Credit-related data is being produced at growing rates. If the process is not strictly stationary (as in most real-world applications), the target concept could gradually change over time. For example, classes' profiles for good and bad clients may rapidly change. The ability to incorporate this concept drift is a natural extension for future DM systems. In real-time credit assessment, large chunks of data will be collected over time. Future credit assessment DM tools will have to deal with possible modifications in the existing classes. A natural approach for this new situation is the use of adaptive learning algorithms, where incremental learning algorithms take into account such concept drift.

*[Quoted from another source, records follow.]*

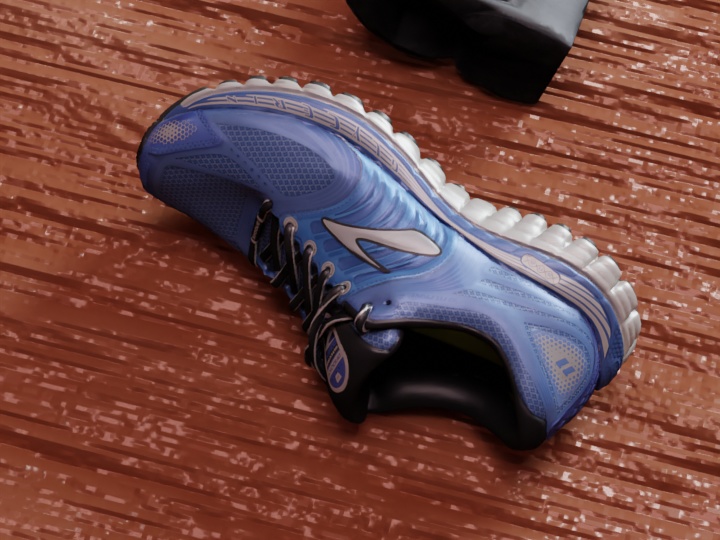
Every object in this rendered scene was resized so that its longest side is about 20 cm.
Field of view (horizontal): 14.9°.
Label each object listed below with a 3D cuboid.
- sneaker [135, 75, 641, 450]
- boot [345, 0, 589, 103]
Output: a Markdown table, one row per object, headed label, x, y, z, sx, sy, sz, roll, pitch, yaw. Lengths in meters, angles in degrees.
| label | x | y | z | sx | sy | sz | roll | pitch | yaw |
| --- | --- | --- | --- | --- | --- | --- | --- | --- | --- |
| sneaker | 0.000 | 0.000 | 1.011 | 0.199 | 0.079 | 0.089 | 27 | 56 | 14 |
| boot | 0.035 | -0.178 | 1.148 | 0.164 | 0.066 | 0.201 | 17 | 61 | 9 |

Future work in this area should also take into consideration security issues, support to ubiquitous computing, and a better integration with current databases technology.
conclusion
Several companies perform data mining on personal data stored in their databases. This is particularly true for credit risk analysis databases, where customers' personal data can be employed to improve the quality of credit assessment and support the offer of new credit products. Data mining systems usually employ artificial intelligence and statistical techniques to acquire relevant, interesting, and new knowledge for most applications, including credit risk analysis. Although one cannot avoid the use of these sophisticated techniques to support credit assessment, great care should be taken to guarantee privacy and that personal rights are not violated when working with private information.
A financial problem that shares several similarities with credit risk assessment is bankruptcy prediction. In the movement towards economic blocks, the growing globalization demands robust and reliable systems for banks' bankruptcy forecasting. This demand comes from different sources, like managers, investors, and government organizations. DM has also been successfully used for bankruptcy prediction, as can be seen in Martineli, Diniz, de Carvalho, Rezende, and Matias (1999), Atiya (2001), and Chakraborty and Sharma (2007).
key terms
Consumer Credit: A loan to an individual to purchase goods and/or services for personal, family, or household use.
Credit: Delivery of a value in exchange of a promise that this value will be paid back in the future.
Credit Scoring: A numerical method of determining an applicant's loan suitability based on various credit factors such as types of established credit, credit ratings, residential and occupational stability, and ability to pay back loan.
Data: The set of samples, facts, or cases in a data repository. As an example of a sample, consider the field values of a particular credit application in a bank database.
Data Mining: The process of extracting meaningful information from very large databases. One of the main steps of the KDD process.
KDD: Process of knowledge discovery in large databases.
Knowledge: Defined according to the domain, considering usefulness, originality, and understanding.
Machine Learning: Sub-area of artificial intelligence that includes techniques able to learn new concepts from a set of samples.